6.1 Step-by-Step Remortgaging Process
- Research and Compare Mortgage Deals: Start by comparing remortgage deals from different lenders. Pay close attention to interest rates, fees, and whether the lender offers a free valuation.
- Submit Application: Once you choose a remortgage deal, you’ll need to submit a formal application, including details about your current mortgage and financial situation.
- Valuation Ordered: After receiving your application, the lender will order a valuation. Depending on the type of valuation, this could be an AVM, desktop, drive-by, or full physical inspection.
- Valuation Report: The lender will receive the valuation report, which outlines the current market value of the property.
- Offer Decision: Based on the valuation and your financial information, the lender will make an offer, including the mortgage amount, interest rate, and terms.
- Finalizing the Remortgage: Once you accept the offer, your lender will work with your solicitor to finalize the remortgage, pay off your old mortgage, and transfer the new loan.
7. Alternatives to Lender Valuations
If you disagree with the lender’s valuation or want to ensure accuracy, you can opt for an independent valuation. Independent valuations are carried out by qualified surveyors and provide an unbiased assessment of the property’s value.
- Cost: Independent valuations typically range from £300 to £800, depending on the property’s size and location.
- Advantages:
- Offers a second opinion if you feel the lender’s valuation is inaccurate.
- Can be used in negotiations with the lender to secure a better deal.
- Disadvantages:
- The cost is borne by the homeowner and is not typically refunded, even if the independent valuation differs from the lender’s assessment.
8. Choosing a Valuation Method for Remortgaging
When remortgaging, the type of valuation used can affect both the cost and outcome. Here’s how to decide which method is right for you:
8.1 AVM or Desktop Valuation
- Best for: Standard properties in stable markets, when you don’t expect the valuation to significantly impact the loan terms.
- Cost: Free or low-cost.
- Limitations: May not account for improvements, extensions, or unique property features.
8.2 Drive-By Valuation
- Best for: Properties where the external condition is a good indicator of the overall value.
- Cost: Mid-range.
- Limitations: Does not account for internal issues that could affect the property’s value.
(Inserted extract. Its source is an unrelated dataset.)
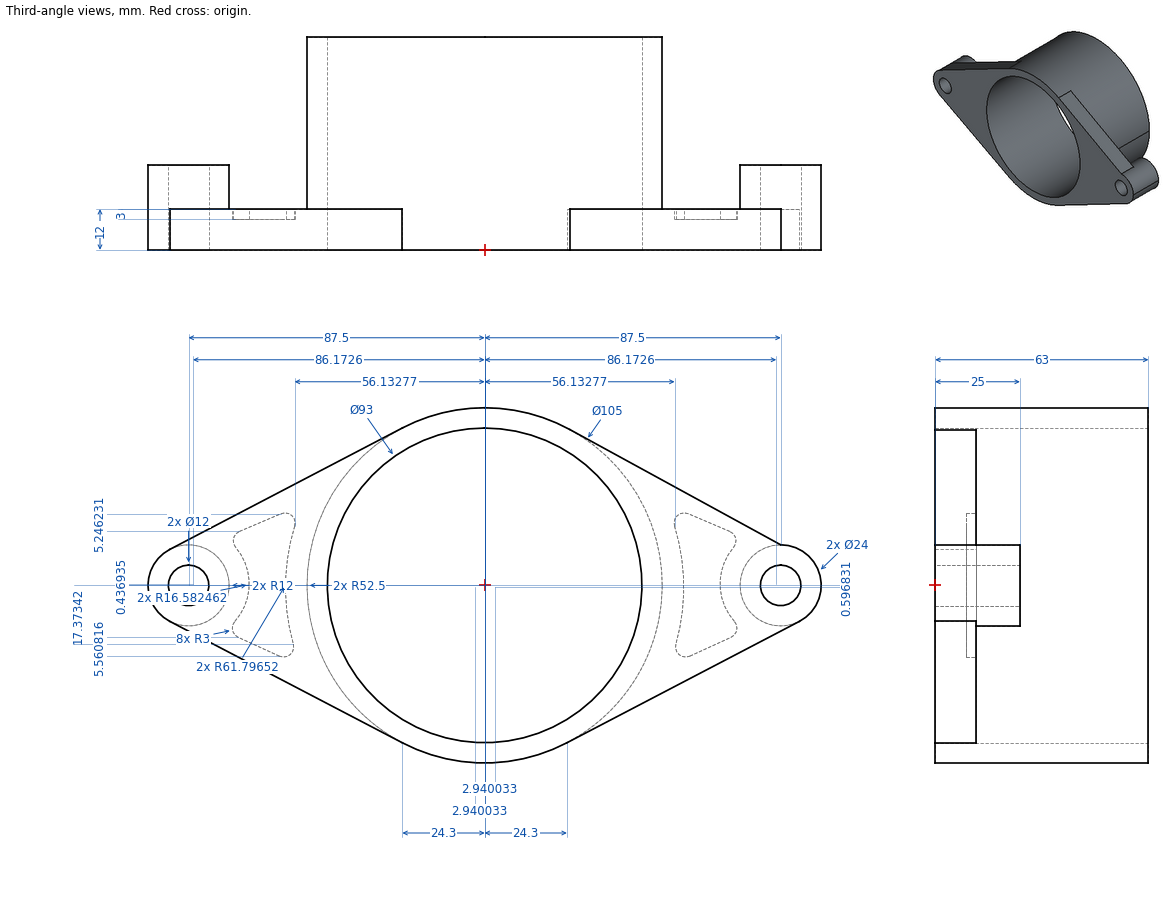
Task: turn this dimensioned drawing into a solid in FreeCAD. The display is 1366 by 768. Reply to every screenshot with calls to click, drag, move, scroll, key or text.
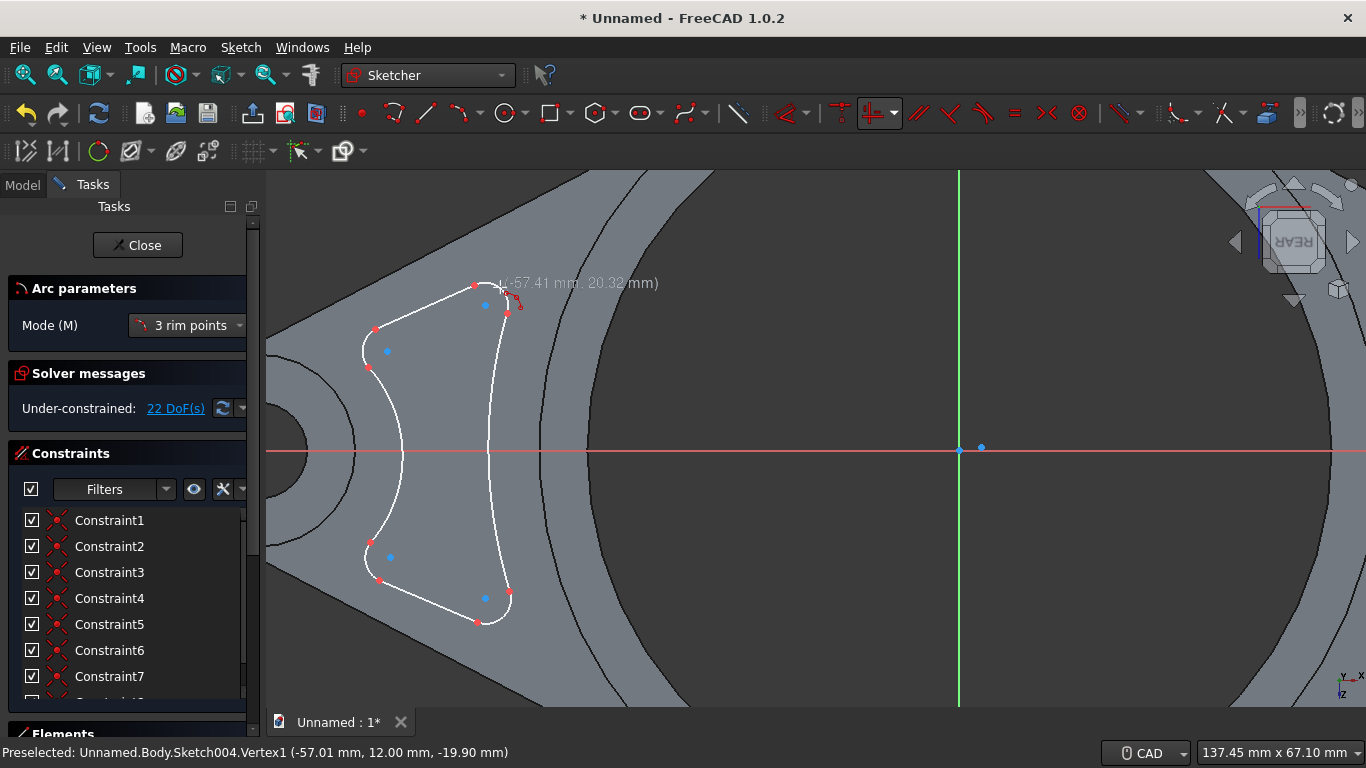
key(g)
key(l)
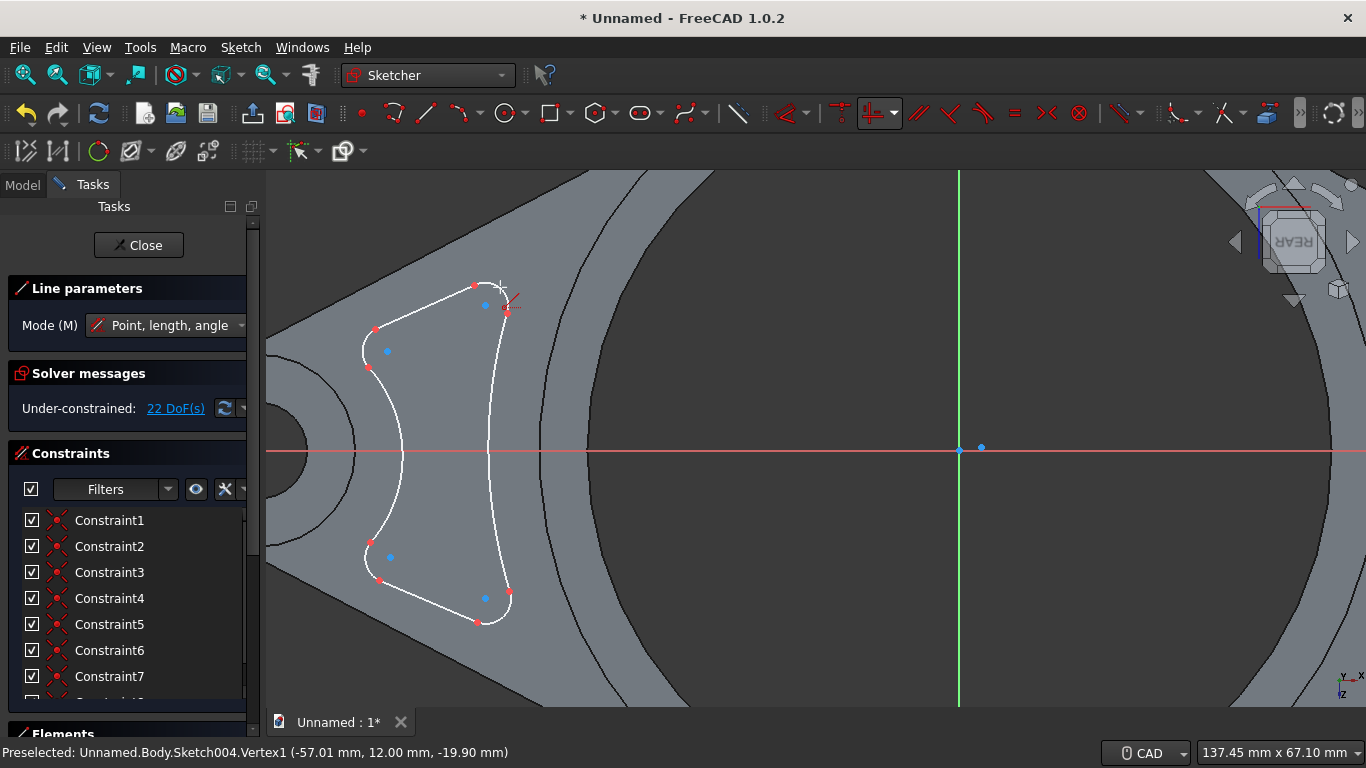
scroll(490, 422, down, 3)

8.3 Full Physical Valuation
- Best for: Older properties, homes with significant improvements, or properties with potential structural issues.
- Cost: Higher.
- Advantages: Provides the most accurate and detailed assessment, ideal for securing the best remortgage terms.
Conclusion
House valuations are a crucial step in the remortgage process, influencing how much a lender is willing to lend and what interest rates you may qualify for. Valuation costs vary based on the type of valuation, the size and location of your property, and the lender’s policies. While some lenders offer free or low-cost valuations, homeowners should be aware of potential fees, especially for full physical or specialist valuations.
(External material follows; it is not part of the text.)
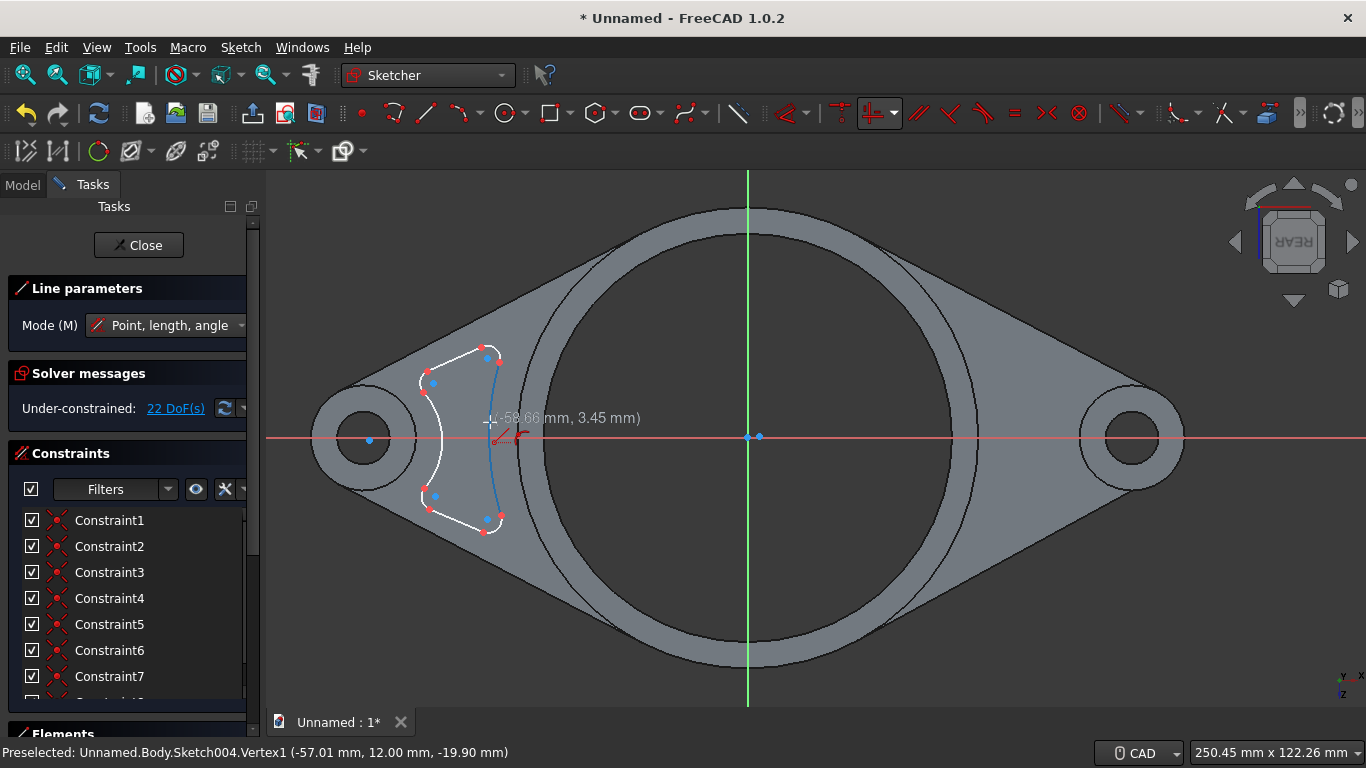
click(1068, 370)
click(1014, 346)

In most cases, the cost of a valuation is outweighed by its importance in securing the best possible remortgage deal. A higher valuation can reduce your loan-to-value ratio, resulting in better interest rates and more favourable terms. However, an inaccurate or low valuation can limit your options, so it’s essential to choose the right valuation method and, if necessary, seek an independent opinion.
By understanding the different types of valuations and their associated costs, homeowners can make informed decisions that maximize the benefits of remortgaging. Whether opting for an AVM, desktop, drive-by, or full physical valuation, being prepared and knowledgeable will help ensure a smooth and successful remortgage process.